C'est sans parler des possibilités d'accroissement de l'ARPU qui amélioreraient d'autant notre modèle économique. Actuellement, l'ARPU augmente grâce à la téléphonie sortante payante, aux appels entrants, aux ring back tones, aux abonnements aux chaînes de télévision, au bouquet Canal Sat, à la Vidéo à la Demande... Mais nous étudions toutes sortes de services à valeur ajoutée autour de la Freebox. Pour finir, nous allons ouvrir le réseau de FTTH à d'autres opérateurs. Cette mutualisation, à un prix pertinent, nous permettra encore plus de rentabiliser notre déploiement.
R&T : Comptez-vous acquérir d'autres réseaux optiques, comme celui de CitéFibre ?
M.B. : Le rachat de CitéFibre est une opportunité qui nous fait gagner d'un coup 3 000 km de réseau, 4 000 prises et environ 500 abonnés. C'est le seul acteur que nous puissions acquérir. Les autres (ndlr : Erenis) ont déployé un réseau qui techniquement diffère du réseau tout optique que nous souhaitons mettre en place.
R&T : Fort de ce réseau fibre, comptez vous approcher le marché entreprise ?
M.B. : Bon nombre d'entreprises et de professionnels utilisent nos Freebox. Ils utilisent aux mieux les possibilités de l'adsl. Cependant, c'est un marché que nous n'adressons pas.
C'est en effet une cible extrêmement difficile. Nous ne souhaitons pas nous disperser. Nous sommes un groupe profitable et nous entendons le rester.
R&T : Un mot sur la convergence fixe-mobile, qu'en pensez-vous ?

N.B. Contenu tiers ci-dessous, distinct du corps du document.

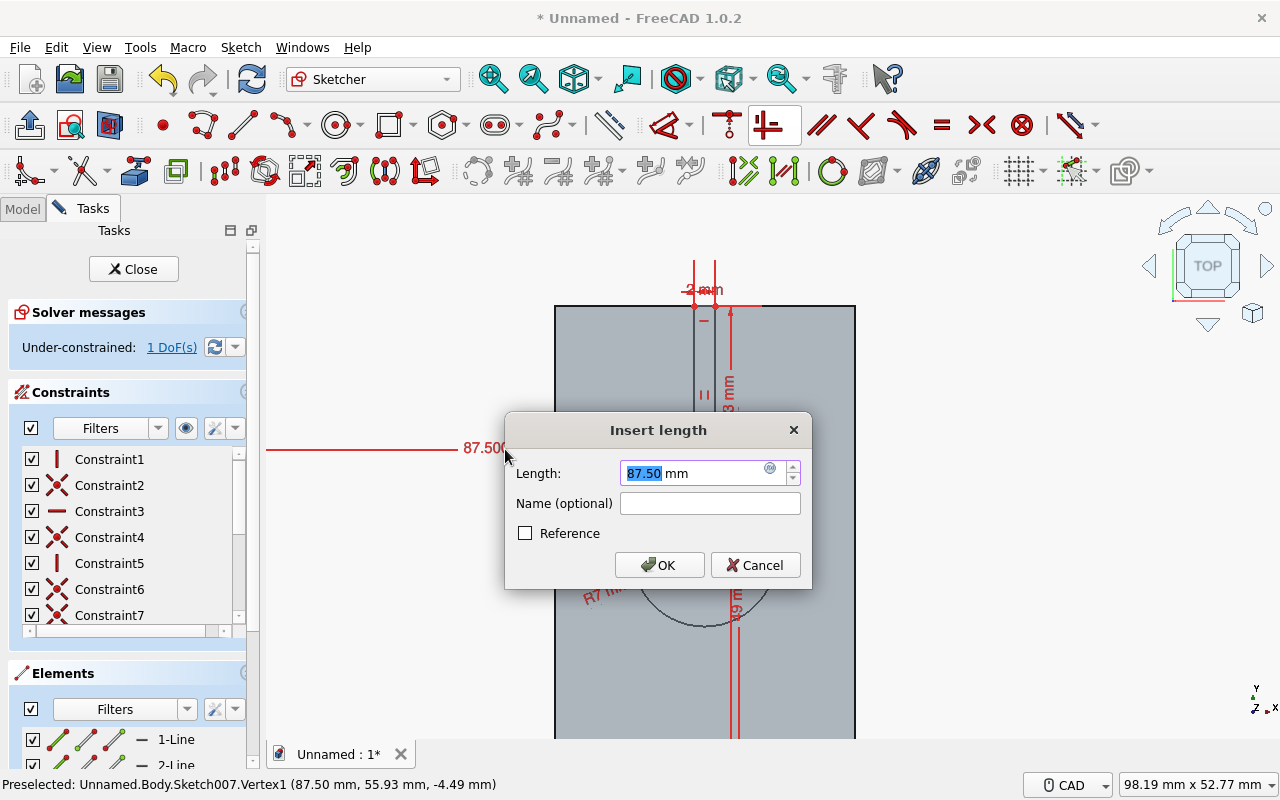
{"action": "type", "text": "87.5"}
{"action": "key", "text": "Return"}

M.B. : Nous sommes pragmatiques. La technologie n'a de sens que si elle apporte quelque chose au consommateur. La facture unique c'est bien, mais ce n'est pas révolutionnaire. Pour que les offres de convergence fixe-mobile fonctionnent, il faut que l'avantage tarifaire soit indéniable. Les prix sont déjà bas sur le fixe, il faut donc que la baisse soit très forte sur le mobile. Et ce n'est pas du tout le cas actuellement... C'est pourquoi, nous avons choisi de lancer une offre avec des terminaux mixtes. Le consommateur garde son opérateur mobile et conserve ainsi sa liberté de choix. Chez lui, il peut téléphoner avec son mobile à travers la Freebox HD et ainsi bénéficier de nos tarifs téléphoniques avantageux.
R&T : Alors, pas de volonté de devenir MVNO ?
M.B. : Aujourd'hui les conditions réglementaires et tarifaires ne sont pas réunies. Nous ne voyons pas l'intérêt de devenir MVNO parce que nous nous ne percevons pas l'avantage que nous pourrions proposer au consommateur.